The first two drugs indicated for asystole, or flat line, are; epinephrine, which is basically adrenaline and comes in a yellow box, and Atropine; which blocks impulses sometimes sent erroneously by the body that tell the heart to slow down…or maybe stop. Atropine comes in a purple box. When you work your first "code" or cardiac arrest, you are very excited. This is not the sort of thing normal humans deal with everyday. Codes happen pretty regularly, however, and after about a hundred of them, they become routine. That is not to say that we don’t appreciate their importance. It’s just that the process is pretty much the same every time. We work sort of like Airline Pilots. We are keenly aware that lives are at stake and that procedures must be followed, but don’t turn cartwheels over doing the same thing for the hundredth time. Sometimes we try to liven things up a bit. We play some music, chat, or harass each other as we’re going through the process. Having just endured the attack of the roaches I was in the mood for a bit of levity. I grabbed the Atropine and the Epinephrine out of the bag and held them in front of Pam, whose head was still down as she did CPR. "So" I said, "What do you think? Purple or Yellow?" She suddenly looked up and I saw I had made a small error. It wasn’t Pam, it was a girl about Pam’s size with the same haircut, but her face was filled with horror. Her name was Lee, and she was brand new to the Fire Department and she was dealing with her first code. She was obviously horror stricken because it had suddenly come to her attention that the Paramedic who was supposed to be saving the day had obviously just gone completely off his rocker. I tried not to smile at my error and her disbelief. "Right", I said "Yellow it is." She stammered for a second and then I did smile. "Sorry," I said, "I was just being funny. You’re doing great." She looked a little relieved that I had possibly come to my senses and went back to pumping on the woman’s chest. I did my magic for a few minutes, checked the patient’s glucose level, pushed more drugs, called the hospital, and before we knew it we were at the hospital.
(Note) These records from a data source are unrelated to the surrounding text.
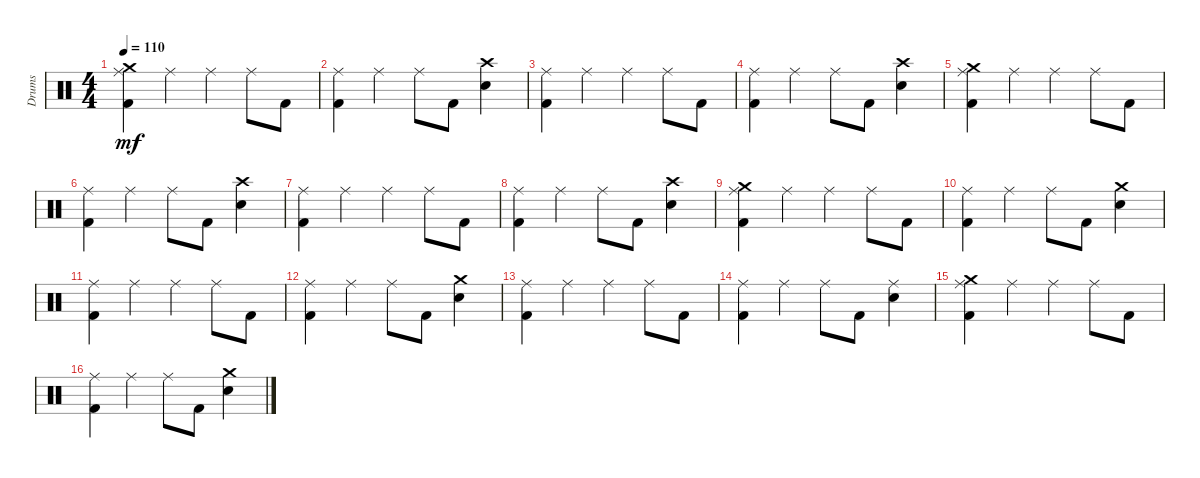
\track ("Drums" "Drums") {instrument percussion}
\staff {score}
\articulation defaults
\ts (4 4)
\tempo 110
\clef neutral
\ks c
("Crash medium (hit)" "Ride (middle)" "Kick (hit) 2").4{dy mf} "Ride (middle)".4 "Ride (middle)".4 "Ride (middle)".8 "Kick (hit) 2".8 |
("Ride (middle)" "Kick (hit) 2").4 "Ride (middle)".4 "Ride (middle)".8 "Kick (hit) 2".8 ("Crash high (hit)" "Electric Snare (hit)").4 |
("Ride (middle)" "Kick (hit) 2").4 "Ride (middle)".4 "Ride (middle)".4 "Ride (middle)".8 "Kick (hit) 2".8 |
("Ride (middle)" "Kick (hit) 2").4 "Ride (middle)".4 "Ride (middle)".8 "Kick (hit) 2".8 ("Crash high (hit)" "Electric Snare (hit)").4 |
("Crash medium (hit)" "Ride (middle)" "Kick (hit) 2").4 "Ride (middle)".4 "Ride (middle)".4 "Ride (middle)".8 "Kick (hit) 2".8 |
("Ride (middle)" "Kick (hit) 2").4 "Ride (middle)".4 "Ride (middle)".8 "Kick (hit) 2".8 ("Crash high (hit)" "Electric Snare (hit)").4 |
("Ride (middle)" "Kick (hit) 2").4 "Ride (middle)".4 "Ride (middle)".4 "Ride (middle)".8 "Kick (hit) 2".8 |
("Ride (middle)" "Kick (hit) 2").4 "Ride (middle)".4 "Ride (middle)".8 "Kick (hit) 2".8 ("Crash high (hit)" "Electric Snare (hit)").4 |
("Crash medium (hit)" "Ride (middle)" "Kick (hit) 2").4 "Ride (middle)".4 "Ride (middle)".4 "Ride (middle)".8 "Kick (hit) 2".8 |
("Ride (middle)" "Kick (hit) 2").4 "Ride (middle)".4 "Ride (middle)".8 "Kick (hit) 2".8 ("Crash medium (hit)" "Electric Snare (hit)").4 |
("Ride (middle)" "Kick (hit) 2").4 "Ride (middle)".4 "Ride (middle)".4 "Ride (middle)".8 "Kick (hit) 2".8 |
("Ride (middle)" "Kick (hit) 2").4 "Ride (middle)".4 "Ride (middle)".8 "Kick (hit) 2".8 ("Crash medium (hit)" "Electric Snare (hit)").4 |
("Ride (middle)" "Kick (hit) 2").4 "Ride (middle)".4 "Ride (middle)".4 "Ride (middle)".8 "Kick (hit) 2".8 |
("Ride (middle)" "Kick (hit) 2").4 "Ride (middle)".4 "Ride (middle)".8 "Kick (hit) 2".8 ("Ride (middle)" "Electric Snare (hit)").4 |
("Crash medium (hit)" "Ride (middle)" "Kick (hit) 2").4 "Ride (middle)".4 "Ride (middle)".4 "Ride (middle)".8 "Kick (hit) 2".8 |
("Ride (middle)" "Kick (hit) 2").4 "Ride (middle)".4 "Ride (middle)".8 "Kick (hit) 2".8 ("Crash medium (hit)" "Electric Snare (hit)").4

The next time I saw Lee we were on stand-by somewhere, waiting for the police to quell some minor riot so we could pick up the pieces. "You know," she said "You scared the crap out of me the first time I met you." It seems she had been pretty sure I was off my rocker before we even left the house. She had no idea why I was trying to stick my arm down the woman’s throat, and had actually moved between the woman’s friend and me so she couldn’t see what I was doing. The "Yellow or Purple" question had convinced her beyond all reasonable doubt that I was an absolute fruit-loop. I am still not sure she was ever really convinced otherwise.